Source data
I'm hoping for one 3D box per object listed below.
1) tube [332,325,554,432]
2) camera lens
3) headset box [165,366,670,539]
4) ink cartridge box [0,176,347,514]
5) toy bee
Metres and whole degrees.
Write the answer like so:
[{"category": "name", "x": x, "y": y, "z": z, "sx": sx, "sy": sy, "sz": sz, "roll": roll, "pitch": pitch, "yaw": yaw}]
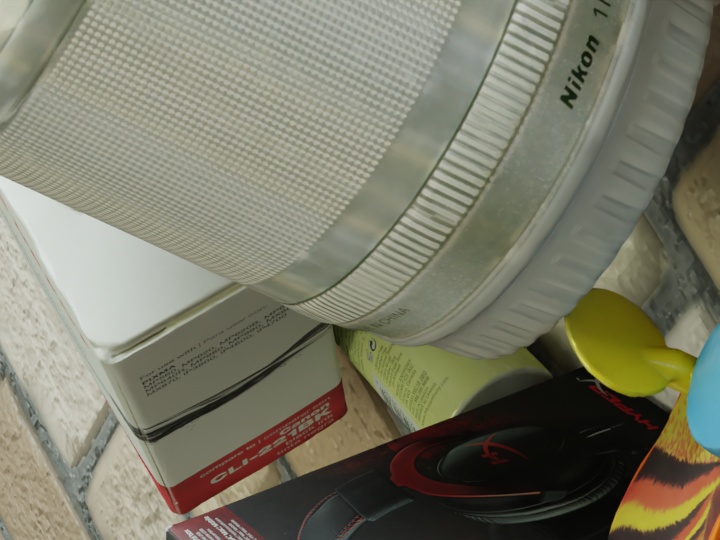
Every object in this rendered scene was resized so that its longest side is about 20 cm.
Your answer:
[{"category": "tube", "x": 0.000, "y": 0.000, "z": 0.977, "sx": 0.058, "sy": 0.052, "sz": 0.200, "roll": -58, "pitch": 46, "yaw": 14}, {"category": "camera lens", "x": -0.023, "y": -0.079, "z": 0.729, "sx": 0.160, "sy": 0.199, "sz": 0.161, "roll": -50, "pitch": 25, "yaw": 34}, {"category": "headset box", "x": 0.042, "y": 0.120, "z": 0.821, "sx": 0.148, "sy": 0.199, "sz": 0.076, "roll": 37, "pitch": 135, "yaw": 44}, {"category": "ink cartridge box", "x": -0.078, "y": -0.014, "z": 0.941, "sx": 0.145, "sy": 0.083, "sz": 0.200, "roll": 58, "pitch": 173, "yaw": 18}, {"category": "toy bee", "x": 0.132, "y": 0.025, "z": 0.744, "sx": 0.131, "sy": 0.200, "sz": 0.109, "roll": 47, "pitch": -170, "yaw": -25}]
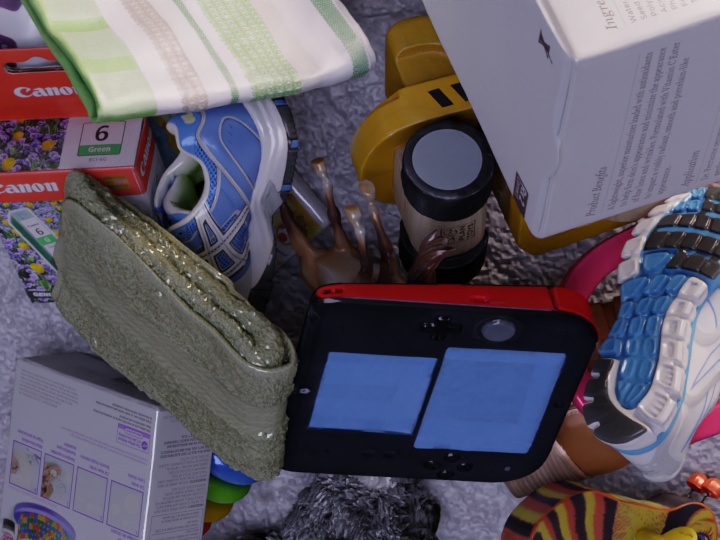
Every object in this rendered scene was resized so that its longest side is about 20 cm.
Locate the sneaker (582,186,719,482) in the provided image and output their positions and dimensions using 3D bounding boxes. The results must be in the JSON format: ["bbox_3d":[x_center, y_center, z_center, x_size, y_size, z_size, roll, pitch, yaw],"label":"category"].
[{"bbox_3d":[0.196,0.040,1.569,0.075,0.200,0.087,6,148,34],"label":"sneaker"}]

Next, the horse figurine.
[{"bbox_3d":[0.000,0.000,1.597,0.050,0.200,0.133,-27,114,-19],"label":"horse figurine"}]

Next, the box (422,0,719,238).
[{"bbox_3d":[0.129,-0.160,1.447,0.131,0.199,0.200,-18,64,-11],"label":"box"}]

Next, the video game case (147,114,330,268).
[{"bbox_3d":[-0.149,-0.054,1.704,0.182,0.023,0.200,-39,96,19],"label":"video game case"}]

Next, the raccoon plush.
[{"bbox_3d":[-0.033,0.144,1.705,0.200,0.097,0.134,-13,103,14],"label":"raccoon plush"}]

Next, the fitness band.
[{"bbox_3d":[0.216,0.030,1.617,0.200,0.037,0.144,-24,84,-6],"label":"fitness band"}]

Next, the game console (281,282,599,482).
[{"bbox_3d":[0.044,0.072,1.566,0.177,0.031,0.200,0,145,-11],"label":"game console"}]

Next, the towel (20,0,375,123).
[{"bbox_3d":[-0.104,-0.161,1.552,0.149,0.200,0.031,56,140,28],"label":"towel"}]

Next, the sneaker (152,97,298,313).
[{"bbox_3d":[-0.096,-0.029,1.618,0.077,0.076,0.200,-7,126,-24],"label":"sneaker"}]

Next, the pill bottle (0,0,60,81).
[{"bbox_3d":[-0.226,-0.177,1.622,0.200,0.112,0.112,20,110,11],"label":"pill bottle"}]

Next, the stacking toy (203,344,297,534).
[{"bbox_3d":[-0.106,0.136,1.727,0.085,0.085,0.200,37,113,-2],"label":"stacking toy"}]

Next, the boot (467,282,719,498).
[{"bbox_3d":[0.131,0.041,1.659,0.155,0.074,0.200,-25,111,16],"label":"boot"}]

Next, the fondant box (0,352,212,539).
[{"bbox_3d":[-0.175,0.168,1.710,0.144,0.058,0.200,17,103,41],"label":"fondant box"}]

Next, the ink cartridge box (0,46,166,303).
[{"bbox_3d":[-0.183,-0.058,1.616,0.109,0.050,0.200,-2,142,11],"label":"ink cartridge box"}]

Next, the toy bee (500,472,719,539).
[{"bbox_3d":[0.187,0.175,1.681,0.131,0.200,0.109,19,81,39],"label":"toy bee"}]

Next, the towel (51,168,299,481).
[{"bbox_3d":[-0.119,0.037,1.582,0.200,0.036,0.148,39,148,21],"label":"towel"}]

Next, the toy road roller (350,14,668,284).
[{"bbox_3d":[0.092,-0.093,1.594,0.200,0.123,0.146,-16,63,-8],"label":"toy road roller"}]
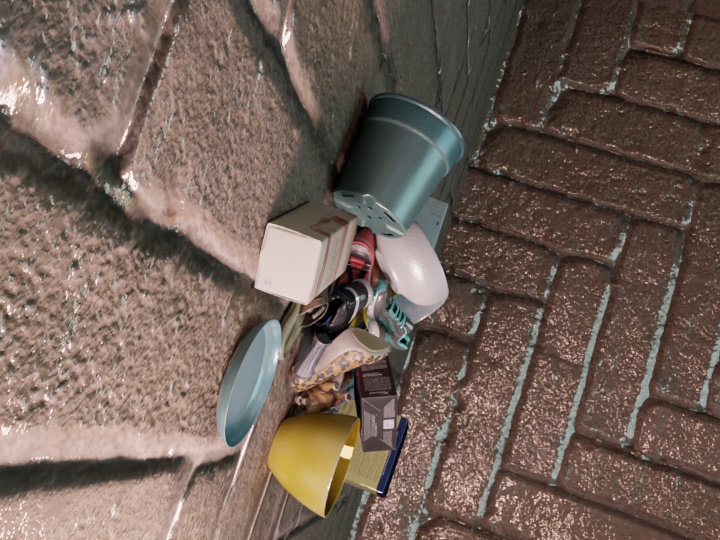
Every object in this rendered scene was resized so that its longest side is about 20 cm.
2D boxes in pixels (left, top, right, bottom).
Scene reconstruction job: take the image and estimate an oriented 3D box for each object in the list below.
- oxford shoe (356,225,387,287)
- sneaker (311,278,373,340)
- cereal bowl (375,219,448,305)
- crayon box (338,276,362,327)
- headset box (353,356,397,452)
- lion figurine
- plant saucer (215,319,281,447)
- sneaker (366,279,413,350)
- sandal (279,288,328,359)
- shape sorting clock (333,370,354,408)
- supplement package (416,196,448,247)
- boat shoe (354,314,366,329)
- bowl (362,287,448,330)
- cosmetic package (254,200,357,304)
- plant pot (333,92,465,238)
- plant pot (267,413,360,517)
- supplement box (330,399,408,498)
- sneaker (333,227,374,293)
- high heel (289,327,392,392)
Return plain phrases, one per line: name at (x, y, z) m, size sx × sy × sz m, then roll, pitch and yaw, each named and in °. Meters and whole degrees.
oxford shoe at (0.038, -0.058, 1.659) m, size 0.071 × 0.073 × 0.202 m, roll -24°, pitch -116°, yaw 60°
sneaker at (-0.065, 0.098, 1.534) m, size 0.112 × 0.073 × 0.200 m, roll -21°, pitch 152°, yaw -47°
cereal bowl at (0.085, -0.017, 1.535) m, size 0.083 × 0.201 × 0.200 m, roll -27°, pitch 158°, yaw -8°
crayon box at (-0.008, 0.040, 1.766) m, size 0.200 × 0.050 × 0.128 m, roll -52°, pitch 157°, yaw -61°
headset box at (0.028, 0.257, 1.675) m, size 0.201 × 0.074 × 0.150 m, roll -101°, pitch -171°, yaw -57°
lion figurine at (-0.056, 0.209, 1.636) m, size 0.122 × 0.072 × 0.201 m, roll -14°, pitch -137°, yaw 54°
plant saucer at (-0.171, 0.166, 1.199) m, size 0.200 × 0.027 × 0.202 m, roll 17°, pitch 90°, yaw -79°
sneaker at (0.064, 0.094, 1.607) m, size 0.201 × 0.090 × 0.078 m, roll 85°, pitch 21°, yaw -51°
sandal at (-0.087, 0.067, 1.366) m, size 0.080 × 0.057 × 0.202 m, roll 68°, pitch 43°, yaw -66°
shape sorting clock at (-0.033, 0.222, 1.752) m, size 0.199 × 0.039 × 0.201 m, roll -29°, pitch 141°, yaw -27°
supplement package at (0.112, -0.083, 1.913) m, size 0.117 × 0.116 × 0.202 m, roll -8°, pitch -118°, yaw 70°
boat shoe at (-0.012, 0.158, 1.805) m, size 0.200 × 0.065 × 0.073 m, roll -48°, pitch 170°, yaw -33°
bowl at (0.084, 0.041, 1.747) m, size 0.201 × 0.199 × 0.108 m, roll 86°, pitch -18°, yaw -62°
cosmetic package at (-0.077, -0.032, 1.200) m, size 0.200 × 0.087 × 0.104 m, roll -44°, pitch 151°, yaw -68°
plant pot at (0.057, -0.178, 1.428) m, size 0.197 × 0.199 × 0.200 m, roll -60°, pitch 166°, yaw -16°
plant pot at (-0.099, 0.364, 1.564) m, size 0.200 × 0.141 × 0.202 m, roll 17°, pitch 90°, yaw -80°
supplement box at (0.001, 0.457, 2.068) m, size 0.134 × 0.198 × 0.201 m, roll 80°, pitch 29°, yaw -68°
sneaker at (0.000, 0.000, 1.587) m, size 0.087 × 0.073 × 0.201 m, roll -64°, pitch 172°, yaw -46°
high heel at (-0.040, 0.180, 1.532) m, size 0.199 × 0.072 × 0.143 m, roll 7°, pitch 129°, yaw -39°
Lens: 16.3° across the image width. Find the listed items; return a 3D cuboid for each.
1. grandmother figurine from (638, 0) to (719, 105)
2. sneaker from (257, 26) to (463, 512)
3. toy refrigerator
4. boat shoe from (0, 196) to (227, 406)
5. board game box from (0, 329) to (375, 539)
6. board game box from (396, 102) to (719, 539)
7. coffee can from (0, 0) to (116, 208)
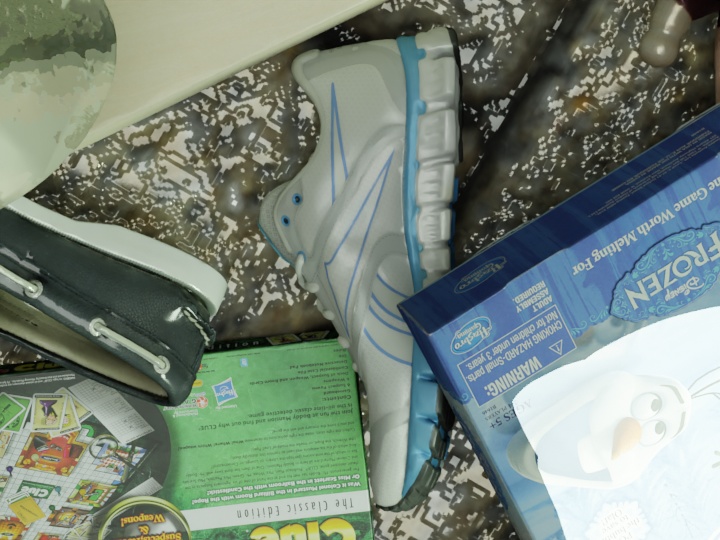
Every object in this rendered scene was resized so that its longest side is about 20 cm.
[{"bbox_3d":[0.170,-0.104,1.049,0.120,0.060,0.202,-6,99,-29],"label":"grandmother figurine"},{"bbox_3d":[0.000,0.000,1.050,0.086,0.075,0.202,0,85,5],"label":"sneaker"},{"bbox_3d":[-0.070,-0.114,1.026,0.199,0.070,0.076,-26,92,5],"label":"toy refrigerator"},{"bbox_3d":[-0.156,0.000,1.036,0.198,0.076,0.061,17,70,-2],"label":"boat shoe"},{"bbox_3d":[-0.096,0.087,1.089,0.198,0.023,0.106,-6,99,-1],"label":"board game box"},{"bbox_3d":[0.145,0.048,1.022,0.199,0.043,0.200,-31,115,-6],"label":"board game box"},{"bbox_3d":[-0.192,-0.130,0.932,0.146,0.146,0.201,-33,57,4],"label":"coffee can"}]
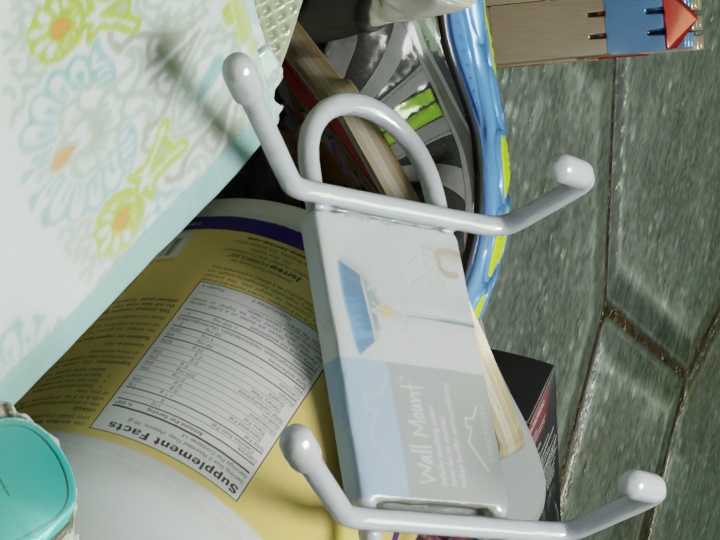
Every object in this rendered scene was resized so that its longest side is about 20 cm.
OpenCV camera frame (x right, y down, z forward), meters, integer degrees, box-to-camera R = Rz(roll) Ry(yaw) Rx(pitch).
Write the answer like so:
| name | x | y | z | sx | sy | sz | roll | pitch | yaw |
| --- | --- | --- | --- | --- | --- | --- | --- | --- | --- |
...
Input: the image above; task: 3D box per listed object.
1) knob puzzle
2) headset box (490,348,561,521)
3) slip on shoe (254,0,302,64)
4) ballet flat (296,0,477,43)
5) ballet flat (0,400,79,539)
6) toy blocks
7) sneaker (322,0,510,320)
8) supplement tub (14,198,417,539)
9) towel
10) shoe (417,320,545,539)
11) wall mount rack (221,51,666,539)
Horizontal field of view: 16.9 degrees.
| name | x | y | z | sx | sy | sz | roll | pitch | yaw |
| --- | --- | --- | --- | --- | --- | --- | --- | --- | --- |
| knob puzzle | 0.000 | 0.000 | 0.926 | 0.030 | 0.220 | 0.220 | -27 | 143 | -11 |
| headset box | 0.048 | 0.145 | 1.261 | 0.200 | 0.075 | 0.149 | 83 | 27 | -44 |
| slip on shoe | -0.062 | -0.098 | 0.822 | 0.074 | 0.061 | 0.200 | 16 | 99 | -48 |
| ballet flat | 0.023 | -0.132 | 0.858 | 0.068 | 0.068 | 0.200 | -48 | 170 | -33 |
| ballet flat | -0.161 | 0.091 | 0.640 | 0.200 | 0.072 | 0.072 | -18 | 121 | -45 |
| toy blocks | 0.094 | -0.120 | 1.098 | 0.200 | 0.136 | 0.100 | -19 | 104 | -73 |
| sneaker | 0.017 | -0.064 | 0.992 | 0.071 | 0.083 | 0.200 | -21 | 102 | -84 |
| supplement tub | -0.060 | 0.085 | 0.813 | 0.200 | 0.145 | 0.146 | -56 | 152 | -46 |
| towel | -0.106 | -0.053 | 0.701 | 0.200 | 0.048 | 0.171 | -48 | 145 | -28 |
| shoe | 0.008 | 0.035 | 1.099 | 0.071 | 0.091 | 0.200 | -29 | 100 | -48 |
| wall mount rack | 0.013 | 0.016 | 0.758 | 0.174 | 0.075 | 0.200 | 10 | 61 | -42 |
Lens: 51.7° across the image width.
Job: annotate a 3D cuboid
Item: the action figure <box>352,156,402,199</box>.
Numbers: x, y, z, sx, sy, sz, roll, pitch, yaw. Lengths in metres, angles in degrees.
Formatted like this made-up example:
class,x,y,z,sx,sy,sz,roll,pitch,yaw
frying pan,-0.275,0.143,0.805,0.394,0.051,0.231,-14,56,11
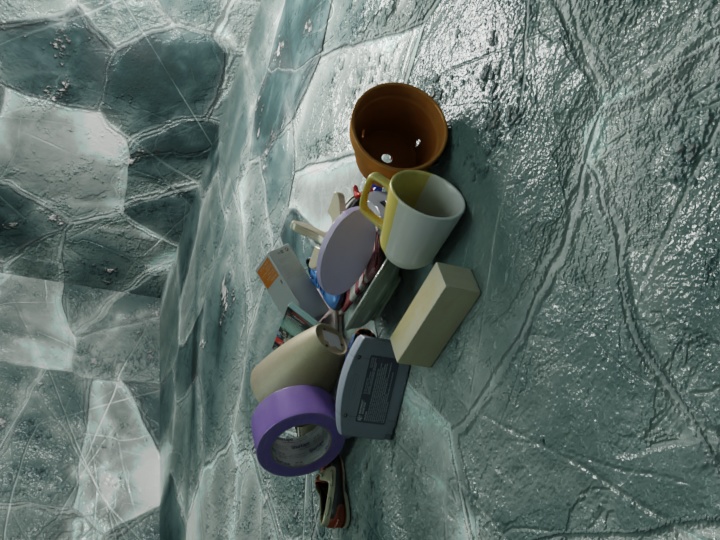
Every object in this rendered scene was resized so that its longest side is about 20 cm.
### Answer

• [Exercise directions]:
Among the entries above, how many lines include the word "right"? Give the number with no comment.

• [Problem solution]:
2